When he turns to the formation and function of moral habits, Decosimo's study relies on several questionable arguments. He asserts, for instance, that in On the Virtues in General 9 ad 13, Aquinas asserts that "virtue is caused by acts at once virtuous and vicious" (306, note 27). What Aquinas actually writes is that the acts that cause virtue are "virtuous in one way and not virtuous in another." Decosimo makes the unwarranted inference that any act that is not virtuous is vicious, so that even continent acts would count as vicious in a way. In addition, he claims that in the body of article 9, Aquinas says that virtue in the sensitive appetite is obedient not to reason, but only to right reason (128-29). Aquinas does not explicitly assert this claim, but Decosimo assumes he must hold it because otherwise a virtue would not lead to good any more than to bad action. However, the claim that virtue follows only right reason leaves Aquinas's moral psychology mysterious. How does a virtue in the sensitive appetite "know" that reason is right or erroneous? The account of virtue that Decosimo attributes to Aquinas would be more plausible if he could explain how a non-rational faculty could achieve so astounding an accomplishment. Finally, Decosimo asserts that so-called 'imperfect' or 'unconnected virtue' "actually contains the seeds of its own destruction" (165). After all, only true virtues bring stable and obedient desires. Someone with merely imperfect virtues will suffer from wayward and inconsistent desires that will corrupt practical reason, even in the domain of one's imperfect virtues. As a result, those very virtues will be destroyed. However, this argument is entirely too hasty. First, imperfect virtue is sometimes natural to a person and therefore very stable. Second, even if one acquires an imperfect virtue without other habits to make one's actions prompt and pleasurable, one could still be continent and therefore suffer no corruption of practical reason. Perhaps one might fail occasionally, but so do virtuous people, according to Aquinas. Even if Decosimo could argue convincingly that even continence is not stable, that would not show that imperfect virtue contains the seeds of its own destruction. Such virtue would be destroyed, if at all, by the corrupting effects of wayward desire on practical reason, not by anything internal to the imperfect virtue itself.

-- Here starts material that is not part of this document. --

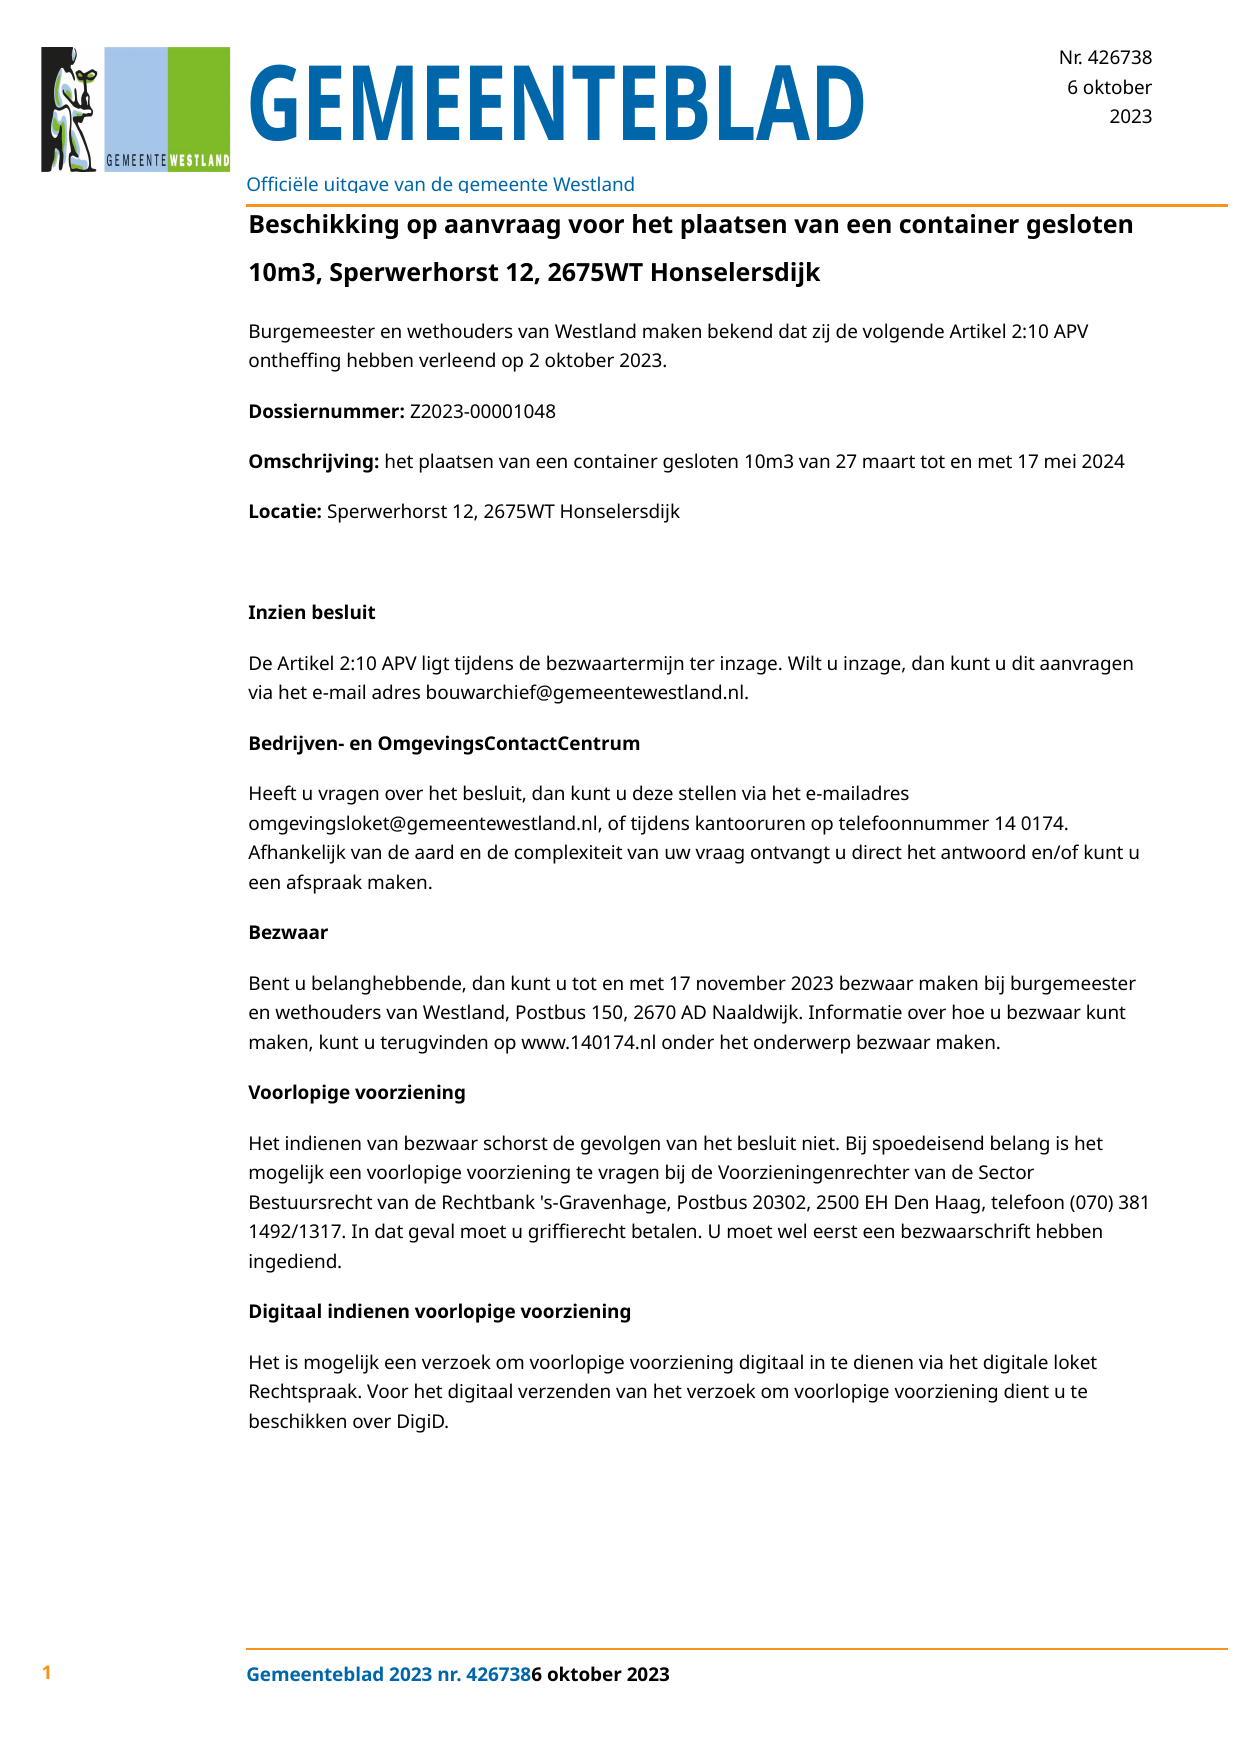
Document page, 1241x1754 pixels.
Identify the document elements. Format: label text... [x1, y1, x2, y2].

While Ethics as a Work of Charity contains many close readings and strives to settle any number of textual disputes, it is not at all a pedantic work. Its chief virtue lies in the thoughtful and imaginative use to which it puts these careful readings. Decosimo adopts a spirit that he finds in Aquinas himself, one that combines an insistence on attentiveness with an even greater insistence on charity. As a result, Decosimo puts his considerable philosophical skills to work in articulating a full and sophisticated account of habit, virtue, and human happiness drawn chiefly from Aquinas's mature writings. While I have doubts that Aquinas emerges as one of the better models we should follow in thinking about how to understand and live with those who are our 'outsiders', Decosimo succeeds in establishing the creative ways in which a spirit of charity can overcome barriers to community.